И всё же, как водится, куда более продолжительный и громкий успех выпадает на долю «Евгении» не в родных стенах, а далеко за пределами родины. Пьесу широко переводят на европейские языки, может быть, её настроение, даже некоторая слезливость и декламация ближе сердцу иноземного зрителя, так что насильственное переселение персонажей на туманные Британские острова получает какой-то особенный, дополнительный смысл.
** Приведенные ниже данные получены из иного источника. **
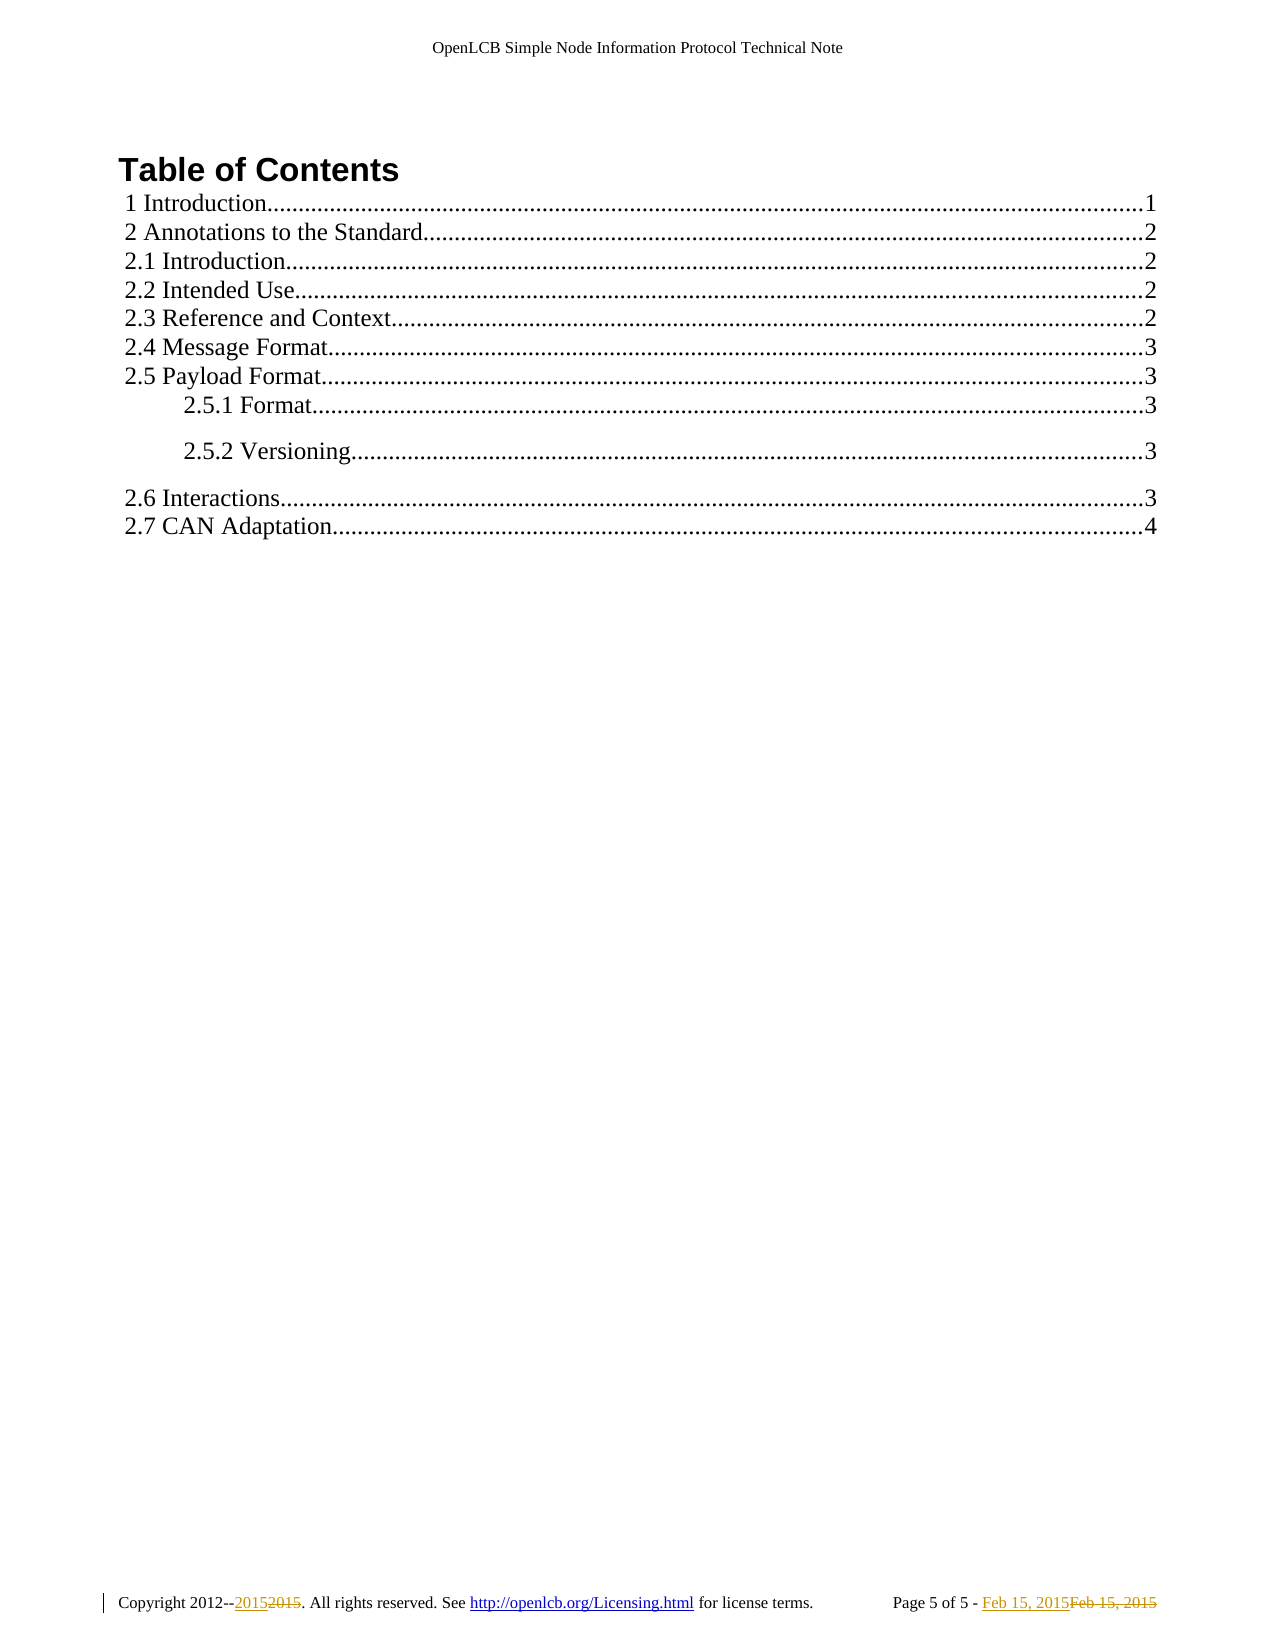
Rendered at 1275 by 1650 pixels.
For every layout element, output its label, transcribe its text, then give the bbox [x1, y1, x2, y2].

Некая миссис Грифитс переводит эту мещанскую драму на английский язык, вернее, перелагает её, ещё более приспосабливая на причудливые английские нравы, изменяет даже название, и «Евгения» преобразуется в «Школу развратников». В таком виде роль Кларендона с ослепительным мастерством играет прославленный Гаррик, и благодаря ему «Школа развратников» надолго остается в репертуаре, тем более что английские зрители окончательно распознают в ней пленительные мотивы своего писателя Ричардсона.
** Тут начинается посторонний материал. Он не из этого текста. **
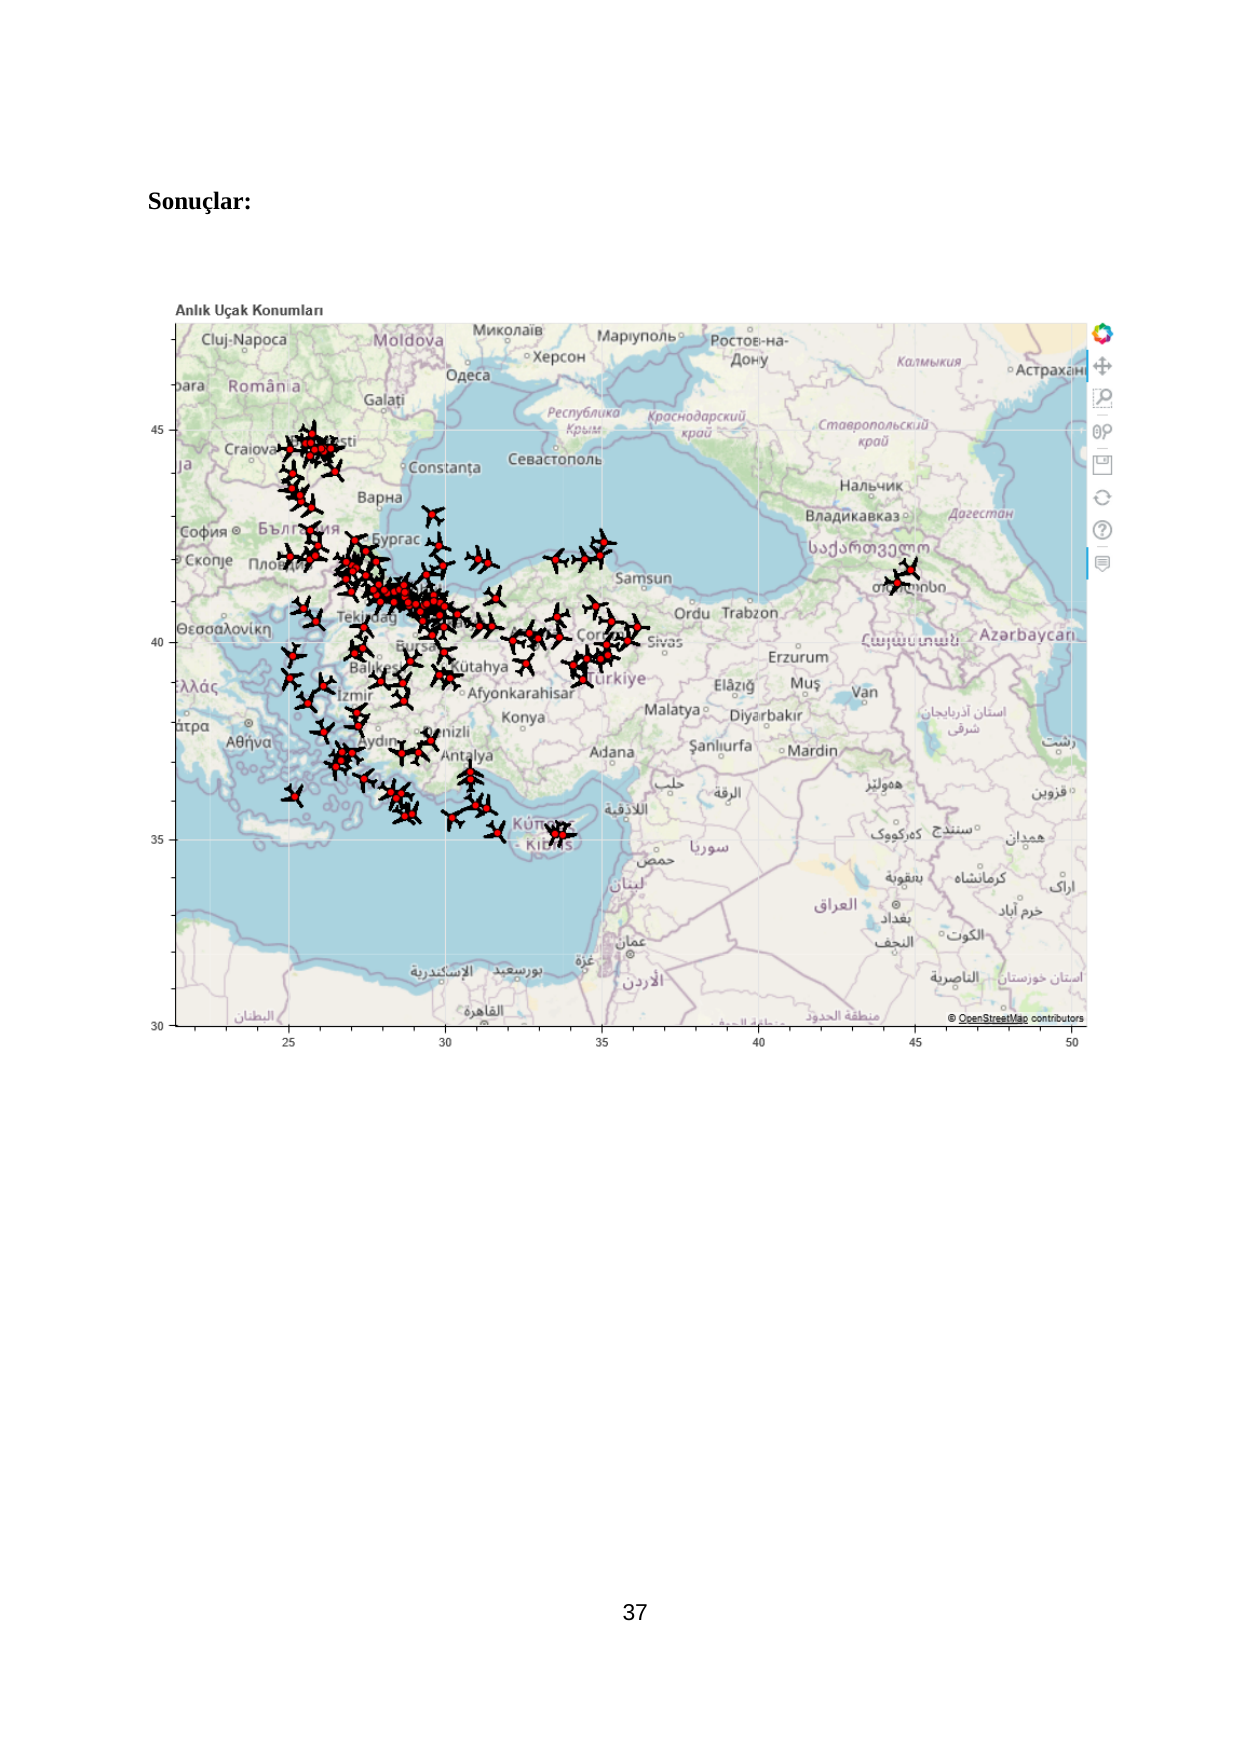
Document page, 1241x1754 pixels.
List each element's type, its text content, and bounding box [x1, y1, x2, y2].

picture [147, 297, 1123, 1053]
text Sonuçlar: [148, 186, 1122, 215]
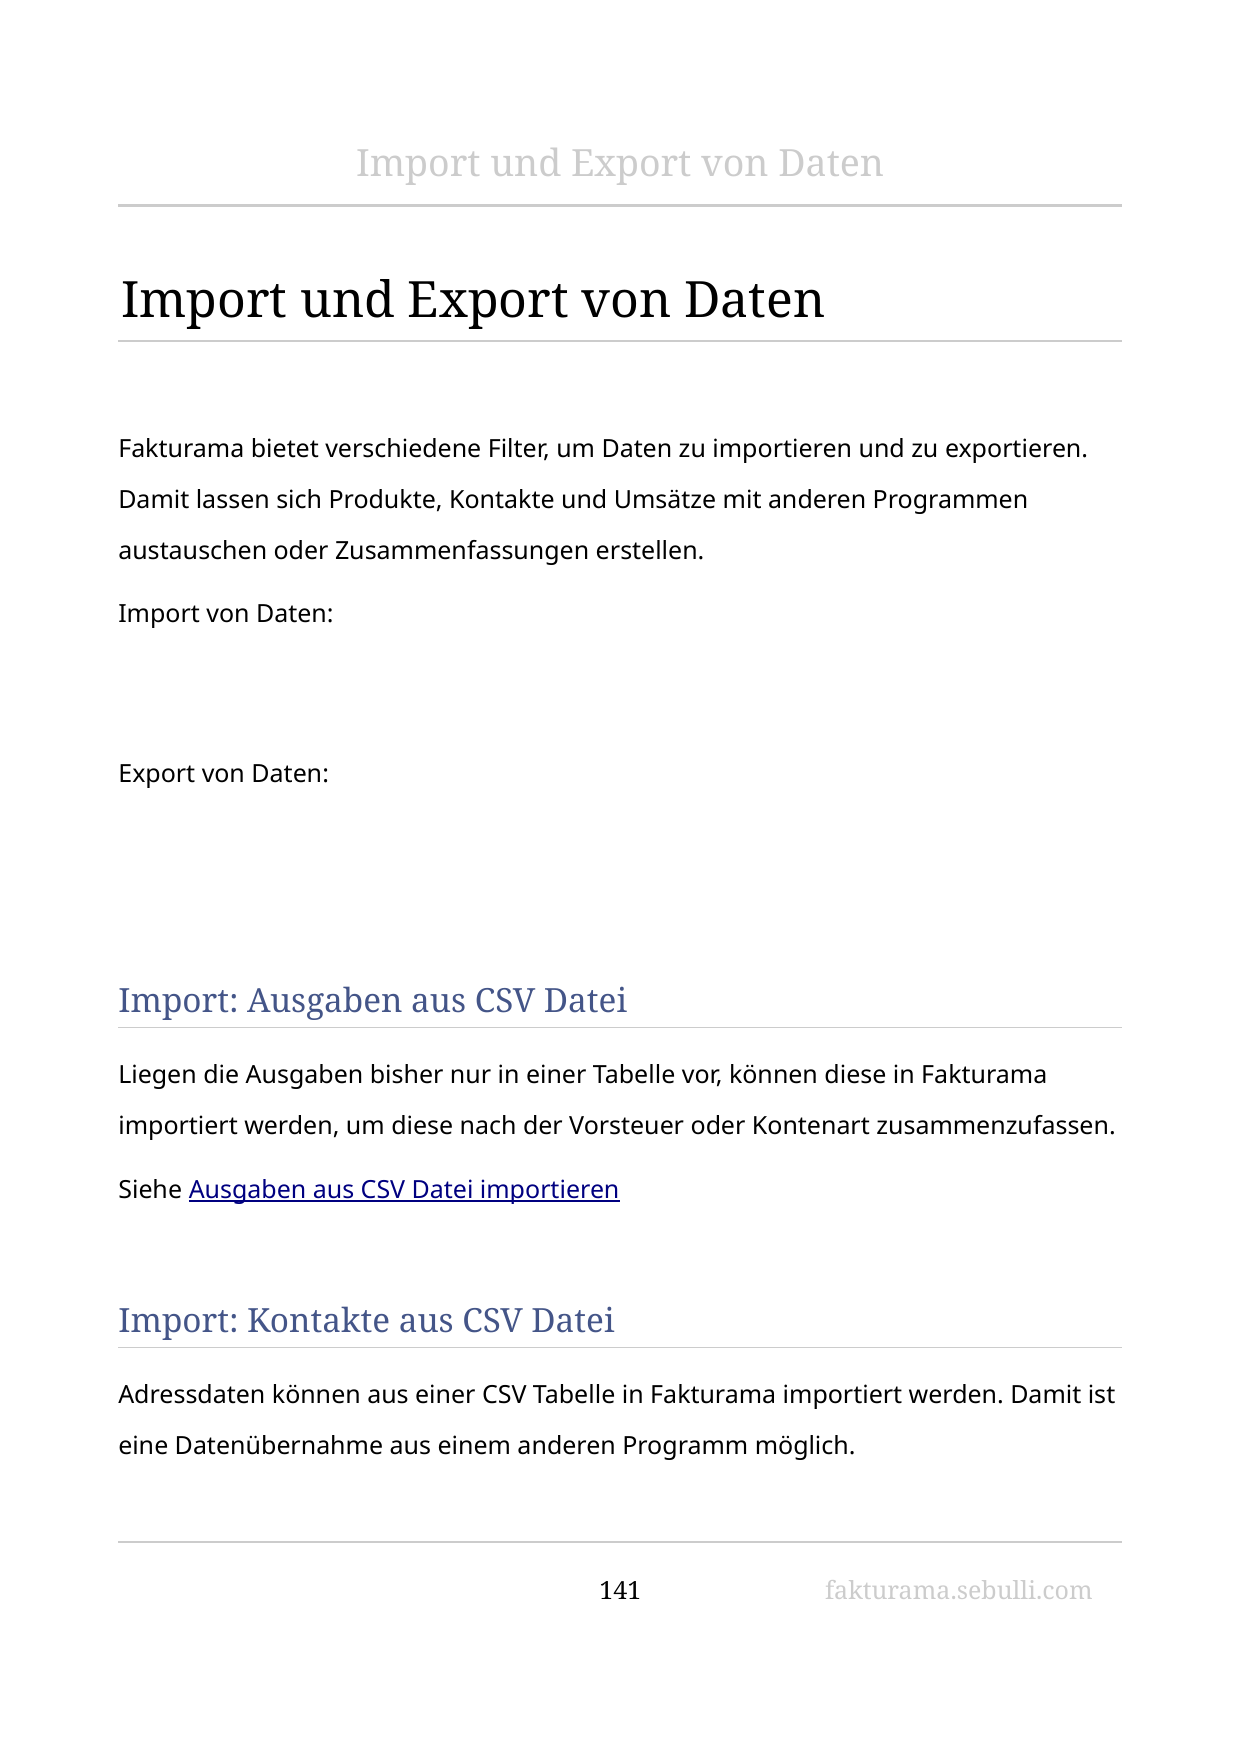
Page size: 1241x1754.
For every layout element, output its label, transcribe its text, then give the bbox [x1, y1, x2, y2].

subtitle Import und Export von Daten [118, 261, 1122, 340]
subtitle Import: Kontakte aus CSV Datei [118, 1297, 1122, 1347]
text Liegen die Ausgaben bisher nur in einer Tabelle vor, können diese in Fakturama importiert werden, um diese nach der Vorsteuer oder Kontenart zusammenzufassen. [118, 1057, 1122, 1142]
subtitle Import: Ausgaben aus CSV Datei [118, 977, 1122, 1027]
text Adressdaten können aus einer CSV Tabelle in Fakturama importiert werden. Damit ist eine Datenübernahme aus einem anderen Programm möglich. [118, 1377, 1122, 1462]
text Fakturama bietet verschiedene Filter, um Daten zu importieren und zu exportieren. Damit lassen sich Produkte, Kontakte und Umsätze mit anderen Programmen austauschen oder Zusammenfassungen erstellen. [118, 430, 1122, 566]
text Siehe Ausgaben aus CSV Datei importieren [118, 1171, 1122, 1205]
text Export von Daten: [118, 755, 1122, 789]
text Import von Daten: [118, 596, 1122, 630]

Переводят «Евгению» и на немецкий язык, и, несколько позднее, она чрезвычайно понравится Гете.
Вскоре кто-то завозит «Евгению» и в Россию, и нельзя исключить, что это похвальное действие производит семейство Бутурлиных. На русский язык пьесу переводит Николай Пушников, и этот вполне правомерный поступок вызывает страшный гнев Сумарокова, скучные пьесы которого гремят на московском театре, а с появлением «Евгении» отодвигаются на второй план, затем вытесняются из репертуара совсем, что для автора, конечно, обидно. Переводчик же утверждает, что успех «Евгении» был просто невероятный и аплодисмент русских зрителей почти не смолкал. Будучи скромным, от природы или по хорошему воспитанию, Николай Пушников все заслуги справедливо отдает автору и актерам, Дмитревскому, Померанцеву и Ожогину, тогда лучшим актерам Москвы. Свое мнение излагает он так:
«Первый, по моему мнению, ничего не проронил, что делает драму совершенной, а последние, руководствуемые славным нашим актером, г. Дмитревским, в то время в Москве бывшим, изображая естественно то, что требовал сочинитель, сами себя превзошли. Пример сей показывает ясно, что вкус к зрелищам, вкус столь похвальный и полезный, час от часу больше у нас умножается. Дай Боже, чтобы оный совершенно утвердился к чести и пользе общества, к поправлению наших сердец и нравов…»
К сожалению, этот доброжелательный отзыв Пьер Огюстен никогда не читал. То же, что ему приходится читать в бойкой французской печати, слишком мало утешает и вдохновляет его.
Неожиданно утешение приходит совсем с другой стороны. По своим коммерческим предприятиям он входит в сношения с генеральным смотрителем провиантской части дворца Меню-Плезир, и вскоре, к моему, а может быть, и к его удивлению, начинает повторяться история его первого, такого короткого и несчастного брака. Мсье Левек в возрасте, как и мсье Франке, и тоже поражен какой-то серьезной болезнью. Его жена Женевьев Мадлен, приблизительно тридцати шести лет, слывет женщиной достойной и сдержанной, весьма уважаемой в обществе, точно так же, как и Мадлен Катрин Франке. Каким-то образом Пьер Огюстен попадает в круг её близких знакомых. Поэтому поводу рассказывается довольно запутанная история. В этой истории общая знакомая мадам Бюффо, супруга директора Оперы, специально назначает свидание на Елисейских полях, единственно ради того, чтобы познакомить вдовца со своей хорошей подругой, причем для пущего блеска предлагает вдовцу явиться верхом на коне. Пьер Огюстен будто бы и в самом деле скачет верхом, и знакомство происходит в слишком уж подозрительном месте, в Аллее вдов. Нечего говорить, что верхом на коне он производит на Женевьев Мадлен неотразимое впечатление, и вскоре влюбленная женщина отдается ему, видимо, считая себя уже свободной от брака, поскольку муж её болен и стар.